Friend, Some stories are simply hard to believe. Yet Jessica Bates’s story isn’t fiction.
Jessica is a Christian and a mom of five children. A few years ago, she and her late husband were in a car crash. Her husband died.
After hearing a radio broadcast from Focus on the Family, Jessica knew the Lord was calling her to adopt children in need. She desires to open her home to children, specifically a sibling pair who need a family to call their own.
But the State of Oregon is excluding her from adopting or fostering.
Jessica is asking only for the chance to serve others and access a state program on an equal playing field. This is something the Constitution demands.
But Oregon disagrees.
In fact, the Oregon Department of Human Services rules state that anyone seeking to adopt must set aside their biblical beliefs to promote contrary views on gender and sexuality.

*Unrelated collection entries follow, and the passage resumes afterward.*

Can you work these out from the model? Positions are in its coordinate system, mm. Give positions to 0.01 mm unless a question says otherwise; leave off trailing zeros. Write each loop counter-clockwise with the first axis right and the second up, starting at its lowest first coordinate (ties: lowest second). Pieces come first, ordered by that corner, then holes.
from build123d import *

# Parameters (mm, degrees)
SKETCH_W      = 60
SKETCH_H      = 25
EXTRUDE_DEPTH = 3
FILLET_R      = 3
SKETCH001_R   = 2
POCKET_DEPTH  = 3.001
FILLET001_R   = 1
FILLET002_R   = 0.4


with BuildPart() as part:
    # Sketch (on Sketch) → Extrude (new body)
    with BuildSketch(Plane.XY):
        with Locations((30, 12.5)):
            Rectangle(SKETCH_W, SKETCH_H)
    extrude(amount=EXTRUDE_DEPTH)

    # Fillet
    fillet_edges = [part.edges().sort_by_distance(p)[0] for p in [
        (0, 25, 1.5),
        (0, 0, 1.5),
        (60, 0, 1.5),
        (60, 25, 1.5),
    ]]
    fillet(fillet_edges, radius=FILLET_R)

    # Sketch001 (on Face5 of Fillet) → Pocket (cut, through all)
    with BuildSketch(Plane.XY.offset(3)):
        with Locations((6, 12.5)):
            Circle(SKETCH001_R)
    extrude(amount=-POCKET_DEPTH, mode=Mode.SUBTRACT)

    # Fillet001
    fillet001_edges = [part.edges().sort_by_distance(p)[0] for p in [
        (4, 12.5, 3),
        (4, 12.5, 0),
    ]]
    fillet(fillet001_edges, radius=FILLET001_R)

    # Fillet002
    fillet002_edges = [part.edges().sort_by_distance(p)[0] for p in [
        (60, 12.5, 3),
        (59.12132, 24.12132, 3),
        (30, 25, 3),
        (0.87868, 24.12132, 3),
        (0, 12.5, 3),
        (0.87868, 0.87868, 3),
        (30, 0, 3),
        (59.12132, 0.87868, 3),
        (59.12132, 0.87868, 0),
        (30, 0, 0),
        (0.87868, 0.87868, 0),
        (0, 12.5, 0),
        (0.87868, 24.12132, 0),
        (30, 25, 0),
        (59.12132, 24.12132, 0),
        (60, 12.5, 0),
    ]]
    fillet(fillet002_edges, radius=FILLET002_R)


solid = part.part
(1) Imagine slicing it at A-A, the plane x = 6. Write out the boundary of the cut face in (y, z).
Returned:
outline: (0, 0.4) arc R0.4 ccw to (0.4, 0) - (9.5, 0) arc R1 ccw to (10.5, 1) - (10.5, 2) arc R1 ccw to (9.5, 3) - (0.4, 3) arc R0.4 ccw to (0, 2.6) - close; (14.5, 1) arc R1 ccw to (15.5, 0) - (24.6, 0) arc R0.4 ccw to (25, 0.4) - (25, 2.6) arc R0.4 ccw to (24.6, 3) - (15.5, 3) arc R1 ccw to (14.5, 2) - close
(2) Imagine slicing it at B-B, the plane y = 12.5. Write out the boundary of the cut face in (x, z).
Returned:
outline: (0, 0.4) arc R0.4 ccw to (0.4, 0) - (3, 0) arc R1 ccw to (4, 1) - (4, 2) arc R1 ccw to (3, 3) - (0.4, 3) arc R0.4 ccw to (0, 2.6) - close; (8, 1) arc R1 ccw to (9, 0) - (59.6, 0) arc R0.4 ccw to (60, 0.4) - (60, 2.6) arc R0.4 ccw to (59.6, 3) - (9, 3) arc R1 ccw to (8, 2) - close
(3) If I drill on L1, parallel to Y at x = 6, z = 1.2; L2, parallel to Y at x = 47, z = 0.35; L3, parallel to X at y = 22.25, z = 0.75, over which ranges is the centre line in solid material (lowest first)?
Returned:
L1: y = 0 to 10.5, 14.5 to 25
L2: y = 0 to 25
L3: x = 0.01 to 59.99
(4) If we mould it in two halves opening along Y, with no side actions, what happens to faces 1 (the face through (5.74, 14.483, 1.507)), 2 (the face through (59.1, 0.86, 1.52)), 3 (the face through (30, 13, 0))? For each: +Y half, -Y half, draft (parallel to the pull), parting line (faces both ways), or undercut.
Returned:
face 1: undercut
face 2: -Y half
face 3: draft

This means parents must agree to tell boys they can be girls and girls they can be boys, take children to events like Pride parades, and facilitate a child’s access to interventions like puberty blockers and hormone shots that block a child’s natural biological development.
But Jessica wants to lovingly care for and accept children in need without contradicting her Christian faith. Oregon says that is not an option. But do the children in Oregon’s system agree?
Oregon is refusing to allow people of faith with religiously informed views on gender and sexuality to adopt or to provide foster care, even if they seek to care for infants and newborns.